Barbara Bray died in Edinburgh on 25 February 2010.
Critics such as Harold Bloom suggest that Beckett's disaffection with Christianity came from an Anglican source, compared with James Joyce's, former Catholic bent, noting:
As for Christianity and Waiting for Godot, Beckett was brutally definitive: "Christianity is a mythology with which I am perfectly familiar and so I use it. But not in this case." It is always worth remembering that Beckett more than shared Joyce's distaste for Christianity and for Ireland. Both men chose unbelief and Paris.[27]
In his biography of Beckett, Anthony Cronin argues that both playwrights were agnostic, rather than atheist: "They were both agnostics, though both set a high associative value on the language in which the traditional religions of their forebears had been expressed, and in conversation and writing were not averse to ironic reference to certain metaphysical concepts." [28]
Works
Beckett's career as a writer can be roughly divided into three periods: his early works, up until the end of World War II in 1945; his middle period, stretching from 1945 until the early 1960s, during which period he wrote what are probably his best-known works; and his late period, from the early 1960s until Beckett's death in 1989, during which his works tended to become shorter and his style more minimalist.
Early works
Beckett's earliest works are generally considered to have been strongly influenced by the work of his friend James Joyce. They are erudite and seem to display the author's learning merely for its own sake, resulting in several obscure passages. The opening phrases of the short-story collection More Pricks than Kicks (1934) affords a representative sample of this style:
It was morning and Belacqua was stuck in the first of the canti in the moon. He was so bogged that he could move neither backward nor forward. Blissful Beatrice was there, Dante also, and she explained the spots on the moon to him. She shewed him in the first place where he was at fault, then she put up her own explanation. She had it from God, therefore he could rely on its being accurate in every particular.[29]
The passage makes reference to Dante's Commedia, which can serve to confuse readers not familiar with that work. It also anticipates aspects of Beckett's later work: the physical inactivity of the character Belacqua; the character's immersion in his own head and thoughts; the somewhat irreverent comedy of the final sentence.
Similar elements are present in Beckett's first published novel, Murphy (1938), which also explores the themes of insanity and chess (both of which would be recurrent elements in Beckett's later works). The novel's opening sentence hints at the somewhat pessimistic undertones and black humour that animate many of Beckett's works: "The sun shone, having no alternative, on the nothing new".[30] Watt, written while Beckett was in hiding in Roussillon during World War II, is similar in terms of themes but less exuberant in its style.

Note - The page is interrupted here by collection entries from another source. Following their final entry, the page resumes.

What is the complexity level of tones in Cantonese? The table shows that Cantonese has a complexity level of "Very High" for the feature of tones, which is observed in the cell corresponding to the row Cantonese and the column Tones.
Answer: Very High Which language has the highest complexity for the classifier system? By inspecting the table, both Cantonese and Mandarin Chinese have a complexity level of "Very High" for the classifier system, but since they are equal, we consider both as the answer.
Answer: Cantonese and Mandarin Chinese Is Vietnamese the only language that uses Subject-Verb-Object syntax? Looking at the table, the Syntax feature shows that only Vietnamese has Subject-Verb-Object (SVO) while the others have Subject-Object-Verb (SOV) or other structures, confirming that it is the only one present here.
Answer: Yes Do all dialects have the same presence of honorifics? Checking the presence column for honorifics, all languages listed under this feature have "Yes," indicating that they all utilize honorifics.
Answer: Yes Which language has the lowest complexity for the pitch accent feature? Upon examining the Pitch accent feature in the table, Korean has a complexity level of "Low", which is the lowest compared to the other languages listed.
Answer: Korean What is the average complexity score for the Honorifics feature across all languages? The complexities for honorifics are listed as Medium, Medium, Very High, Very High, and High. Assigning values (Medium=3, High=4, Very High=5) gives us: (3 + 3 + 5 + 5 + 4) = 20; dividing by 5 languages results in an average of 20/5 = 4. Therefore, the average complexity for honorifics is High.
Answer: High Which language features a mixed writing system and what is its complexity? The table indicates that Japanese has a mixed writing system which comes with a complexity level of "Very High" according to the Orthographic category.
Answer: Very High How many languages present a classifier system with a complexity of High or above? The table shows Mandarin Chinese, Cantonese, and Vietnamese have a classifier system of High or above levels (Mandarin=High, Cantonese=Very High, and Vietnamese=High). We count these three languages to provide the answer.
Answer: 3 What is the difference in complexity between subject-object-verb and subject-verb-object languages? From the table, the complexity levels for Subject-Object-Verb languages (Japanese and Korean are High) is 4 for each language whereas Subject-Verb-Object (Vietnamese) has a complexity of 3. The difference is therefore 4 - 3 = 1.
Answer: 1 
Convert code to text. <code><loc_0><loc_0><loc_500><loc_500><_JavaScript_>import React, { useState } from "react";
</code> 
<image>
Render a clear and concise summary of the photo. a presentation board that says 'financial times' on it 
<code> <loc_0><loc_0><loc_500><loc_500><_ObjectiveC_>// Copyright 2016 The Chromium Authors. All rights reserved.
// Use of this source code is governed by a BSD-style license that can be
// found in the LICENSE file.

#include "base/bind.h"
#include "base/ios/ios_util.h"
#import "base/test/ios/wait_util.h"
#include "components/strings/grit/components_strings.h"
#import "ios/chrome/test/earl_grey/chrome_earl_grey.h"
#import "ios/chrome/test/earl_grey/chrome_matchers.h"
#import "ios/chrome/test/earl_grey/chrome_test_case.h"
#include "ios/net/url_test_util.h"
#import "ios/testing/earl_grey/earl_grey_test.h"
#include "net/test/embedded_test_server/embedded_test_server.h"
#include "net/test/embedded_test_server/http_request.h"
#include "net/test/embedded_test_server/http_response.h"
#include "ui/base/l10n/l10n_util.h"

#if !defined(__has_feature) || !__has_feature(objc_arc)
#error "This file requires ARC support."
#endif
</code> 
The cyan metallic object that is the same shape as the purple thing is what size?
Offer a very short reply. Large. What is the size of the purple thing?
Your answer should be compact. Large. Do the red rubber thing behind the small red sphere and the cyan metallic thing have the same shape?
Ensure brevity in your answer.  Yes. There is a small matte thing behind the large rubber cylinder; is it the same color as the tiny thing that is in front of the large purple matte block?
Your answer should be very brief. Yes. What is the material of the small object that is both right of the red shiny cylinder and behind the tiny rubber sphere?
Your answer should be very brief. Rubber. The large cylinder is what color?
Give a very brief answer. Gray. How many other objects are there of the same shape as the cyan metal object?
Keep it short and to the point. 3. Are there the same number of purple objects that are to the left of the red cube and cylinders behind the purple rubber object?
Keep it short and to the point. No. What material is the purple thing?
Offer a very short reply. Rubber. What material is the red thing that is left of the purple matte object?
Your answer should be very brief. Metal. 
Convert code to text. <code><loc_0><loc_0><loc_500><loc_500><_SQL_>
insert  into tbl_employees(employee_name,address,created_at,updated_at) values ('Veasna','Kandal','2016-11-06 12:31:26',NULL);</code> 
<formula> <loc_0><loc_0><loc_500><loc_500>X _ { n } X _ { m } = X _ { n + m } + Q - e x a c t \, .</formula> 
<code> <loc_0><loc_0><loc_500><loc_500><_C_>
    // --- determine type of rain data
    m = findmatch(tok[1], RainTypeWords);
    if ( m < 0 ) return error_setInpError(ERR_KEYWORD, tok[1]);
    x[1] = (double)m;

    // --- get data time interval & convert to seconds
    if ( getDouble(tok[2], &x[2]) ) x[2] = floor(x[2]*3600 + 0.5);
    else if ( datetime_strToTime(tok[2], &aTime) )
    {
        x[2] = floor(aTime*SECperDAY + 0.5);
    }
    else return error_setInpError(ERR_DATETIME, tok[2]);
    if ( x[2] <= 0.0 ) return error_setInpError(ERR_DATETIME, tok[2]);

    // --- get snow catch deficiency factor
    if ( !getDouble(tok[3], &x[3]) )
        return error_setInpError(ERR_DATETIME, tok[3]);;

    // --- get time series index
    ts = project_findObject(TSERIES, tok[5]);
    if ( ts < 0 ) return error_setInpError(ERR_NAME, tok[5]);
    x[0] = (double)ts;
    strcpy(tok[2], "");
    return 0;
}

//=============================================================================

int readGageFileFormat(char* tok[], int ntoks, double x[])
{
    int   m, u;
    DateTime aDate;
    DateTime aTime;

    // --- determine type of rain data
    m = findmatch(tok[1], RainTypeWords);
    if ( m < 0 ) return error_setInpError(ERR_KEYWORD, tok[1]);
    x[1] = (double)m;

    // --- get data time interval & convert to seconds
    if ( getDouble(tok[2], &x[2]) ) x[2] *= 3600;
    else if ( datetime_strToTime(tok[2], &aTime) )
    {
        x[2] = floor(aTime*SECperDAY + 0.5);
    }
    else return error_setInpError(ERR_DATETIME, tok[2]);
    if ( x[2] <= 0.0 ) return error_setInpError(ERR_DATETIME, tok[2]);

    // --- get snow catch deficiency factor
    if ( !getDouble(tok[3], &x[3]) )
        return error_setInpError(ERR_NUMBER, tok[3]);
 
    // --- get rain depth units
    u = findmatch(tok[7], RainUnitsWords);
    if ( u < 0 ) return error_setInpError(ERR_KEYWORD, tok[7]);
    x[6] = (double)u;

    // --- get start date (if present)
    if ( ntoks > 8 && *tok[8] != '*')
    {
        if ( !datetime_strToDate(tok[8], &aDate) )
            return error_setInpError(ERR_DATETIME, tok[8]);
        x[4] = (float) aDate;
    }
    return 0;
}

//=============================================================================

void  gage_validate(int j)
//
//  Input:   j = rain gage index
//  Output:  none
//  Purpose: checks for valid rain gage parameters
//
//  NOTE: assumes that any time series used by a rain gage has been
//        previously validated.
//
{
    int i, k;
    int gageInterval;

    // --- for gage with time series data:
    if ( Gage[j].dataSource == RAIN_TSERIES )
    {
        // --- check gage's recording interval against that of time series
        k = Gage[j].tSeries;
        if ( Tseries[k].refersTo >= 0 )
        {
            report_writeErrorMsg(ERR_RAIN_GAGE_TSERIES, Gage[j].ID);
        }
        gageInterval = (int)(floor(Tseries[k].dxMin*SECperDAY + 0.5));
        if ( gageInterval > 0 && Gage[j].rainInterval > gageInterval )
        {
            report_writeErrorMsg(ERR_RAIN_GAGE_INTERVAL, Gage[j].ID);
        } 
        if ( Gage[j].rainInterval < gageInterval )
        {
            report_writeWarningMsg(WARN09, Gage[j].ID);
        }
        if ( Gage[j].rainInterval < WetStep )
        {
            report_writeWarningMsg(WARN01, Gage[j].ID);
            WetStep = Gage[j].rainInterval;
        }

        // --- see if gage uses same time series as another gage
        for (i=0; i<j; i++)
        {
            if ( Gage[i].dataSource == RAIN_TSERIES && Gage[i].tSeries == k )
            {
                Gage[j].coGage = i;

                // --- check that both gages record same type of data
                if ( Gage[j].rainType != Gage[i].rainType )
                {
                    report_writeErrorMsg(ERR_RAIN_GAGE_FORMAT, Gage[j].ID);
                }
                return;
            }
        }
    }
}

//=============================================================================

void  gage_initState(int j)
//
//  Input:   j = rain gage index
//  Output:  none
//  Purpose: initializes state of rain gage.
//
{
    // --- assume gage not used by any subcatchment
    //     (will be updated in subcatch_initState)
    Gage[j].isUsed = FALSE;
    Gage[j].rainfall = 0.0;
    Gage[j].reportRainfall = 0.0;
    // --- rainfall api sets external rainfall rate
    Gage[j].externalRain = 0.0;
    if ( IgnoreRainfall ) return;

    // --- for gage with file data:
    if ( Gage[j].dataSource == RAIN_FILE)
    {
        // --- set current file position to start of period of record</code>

It explores human movement as if it were a mathematical permutation, presaging Beckett's later preoccupation—in both his novels and dramatic works—with precise movement.
Beckett's 1930 essay Proust was strongly influenced by Schopenhauer's pessimism and laudatory descriptions of saintly asceticism. At this time Beckett began to write creatively in the French language. In the late 1930s, he wrote a number of short poems in that language and their sparseness—in contrast to the density of his English poems of roughly the same period, collected in Echo's Bones and Other Precipitates (1935)—seems to show that Beckett, albeit through the medium of another language, was in process of simplifying his style, a change also evidenced in Watt.
Middle period
who may tell the tale
of the old man?
weigh absence in a scale?
mete want with a span?
the sum assess
of the world's woes?
nothingness
in words enclose?
After World War II, Beckett turned definitively to the French language as a vehicle. It was this, together with the "revelation" experienced in his mother's room in Dublin—in which he realized that his art must be subjective and drawn wholly from his own inner world—that would result in the works for which Beckett is best remembered today.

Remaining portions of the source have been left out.